What Bloomberg Intelligence Says

“Merck’s decision to stop the development of its two COVID-19 vaccine candidates may be bad news to a world hungry for doses, but will have limited impact on the company’s prospects, as consensus had nothing penciled in.”

--Sam Fazeli, Pharmaceutical Analyst


Neither of Merck’s candidates was among the six vaccines in the U.S.’s Operation Warp Speed portfolio, though its leadership watched them closely. The drugmaker and its development partner on V590, the International AIDS Vaccine Initiative, did receive some research funding from the government. Its second candidate, V591, relies on technology first developed by France’s Institut Pasteur. Both of the single-dose candidates were well tolerated in early human studies.

Kenilworth, New Jersey-based Merck will record a charge for the fourth quarter of 2020 for costs related to halting the programs. It didn’t disclose the amount of the charge Monday. The early-stage trial results will be submitted to a peer-reviewed medical journal.

Therapeutic Focus

A continuing surge in infections has highlighted the need for more treatment options. Merck will steer resources toward two drugs it has in late-stage development to combat the disease, according to Kartsonis.

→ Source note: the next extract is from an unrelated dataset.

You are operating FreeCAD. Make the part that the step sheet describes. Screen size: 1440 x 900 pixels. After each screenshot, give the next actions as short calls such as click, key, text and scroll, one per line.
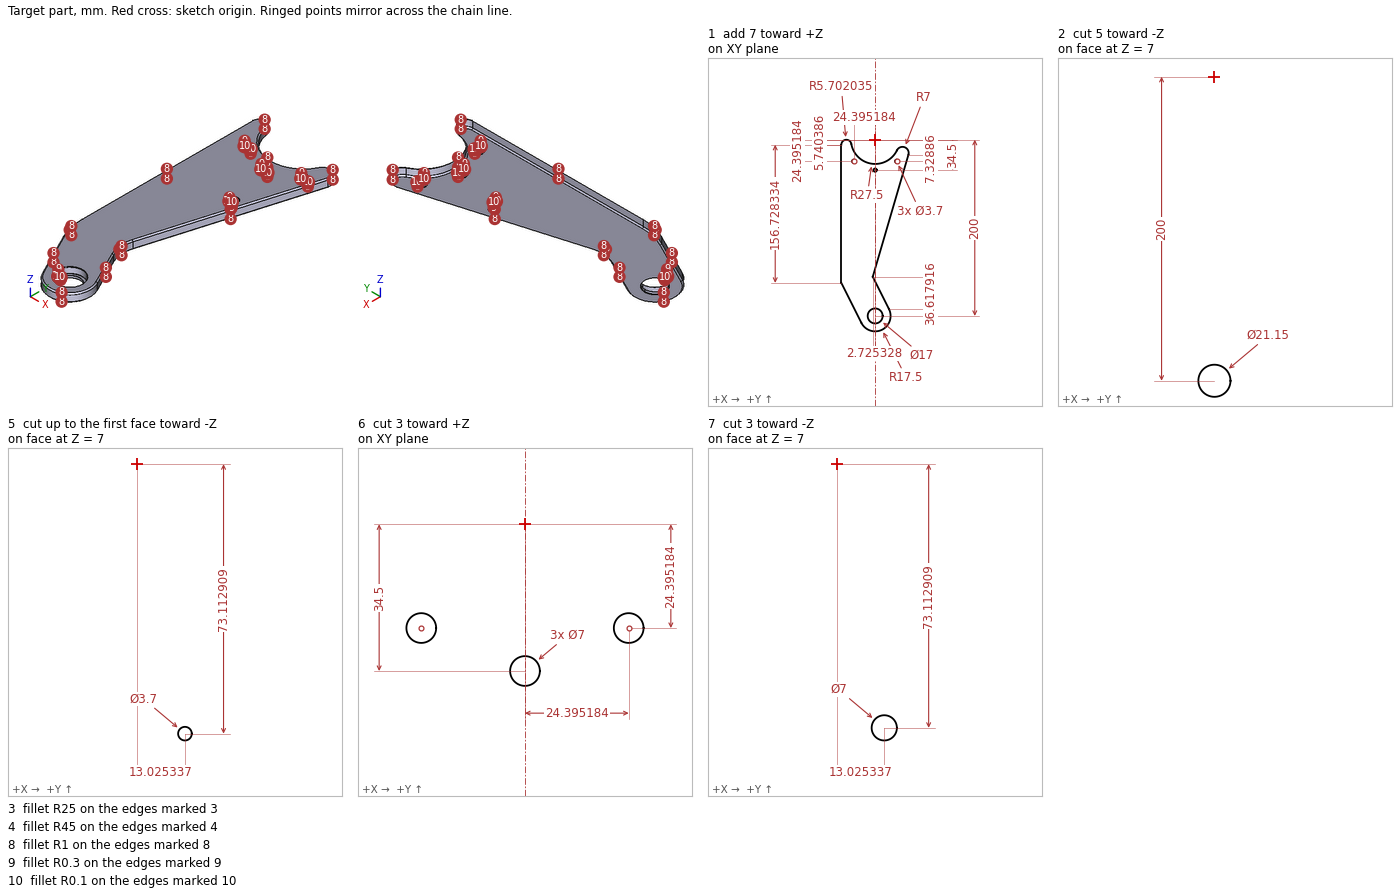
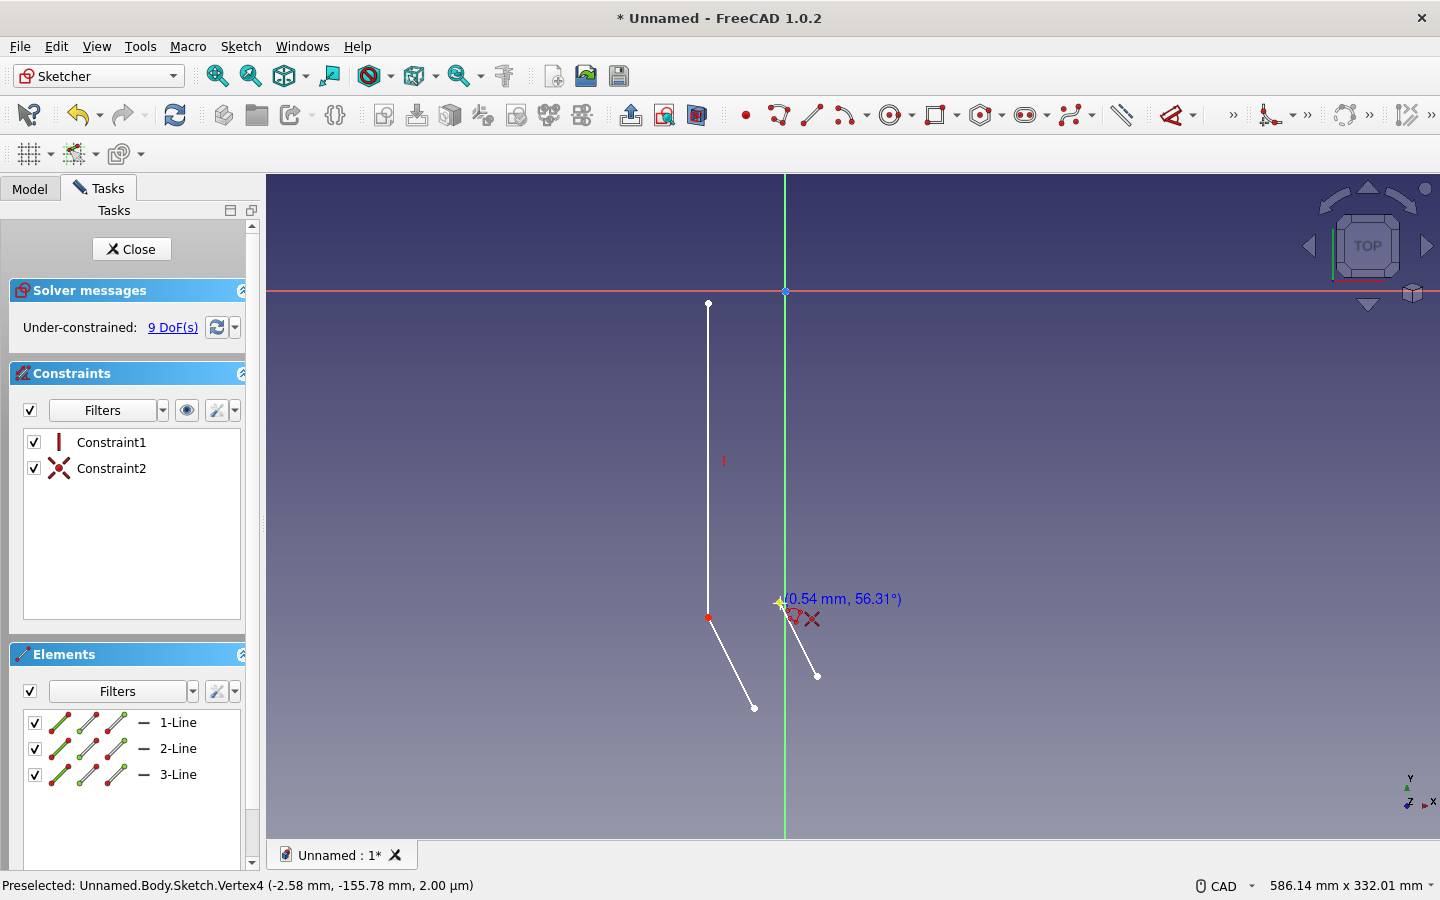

“In the world of pharmaceutical development, a quick kill is not a bad thing because it allows you to reposition and repurpose your assets,” he said.

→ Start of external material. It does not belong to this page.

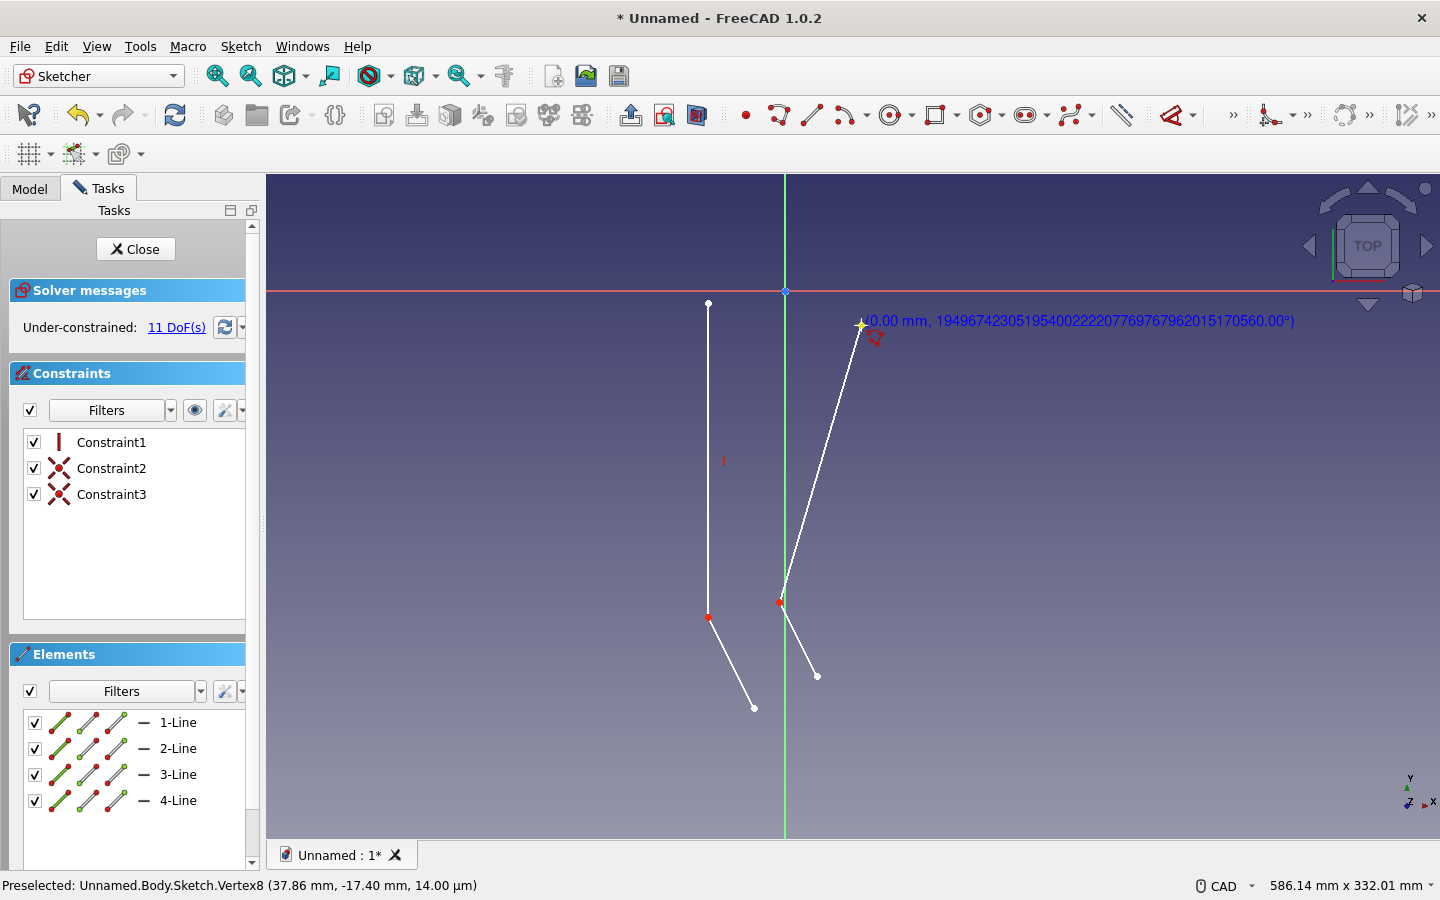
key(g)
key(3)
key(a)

Several of Merck’s vaccine manufacturing facilities are being re-tooled to produce one of its COVID-19 drug candidates, MK-7110, which is complex and difficult to manufacture at mass scale. In an interim study, the intravenous therapy significantly improved the likelihood and speed of recovery for severe and critical COVID-19 patients needing oxygen, reducing the risks of respiratory failure and death by more than 50 per cent. Full study results are expected in the first quarter.

Merck’s executives expect U.S. regulators will grant an emergency-use authorization for the drug following those results, and Kartsonis said it could reach sick patients by the middle of the year. The U.S. has already agreed to pay US$365 million for 60,000 to 100,000 doses.

Antiviral Pill

Merck is also working on a pill for COVID-19 patients at earlier stages of the disease. Known as molnupiravir, the antiviral therapy was discovered by scientists at Emory University and is being studied in late-stage trials in both hospital and outpatient settings. Merck and partner Ridgeback Biotherapeutics LP expect to have initial data on the drug’s effectiveness in the first quarter, and to wrap up studies in May, the company said in a statement.

Chief Marketing Officer Michael Nally said in December that Merck expects a regulatory clearance shortly after the company reports data, should it prove successful.

The antiviral is intended to be taken twice a day over five days, for a total of ten capsules. Merck anticipates it will be able to produce more than 20 million courses of the treatment, or 200 million capsules, in 2021, Nally said.

The slow vaccine rollout shows that a need for therapeutics will persist, Kartsonis said, and the drugs could work against future viruses.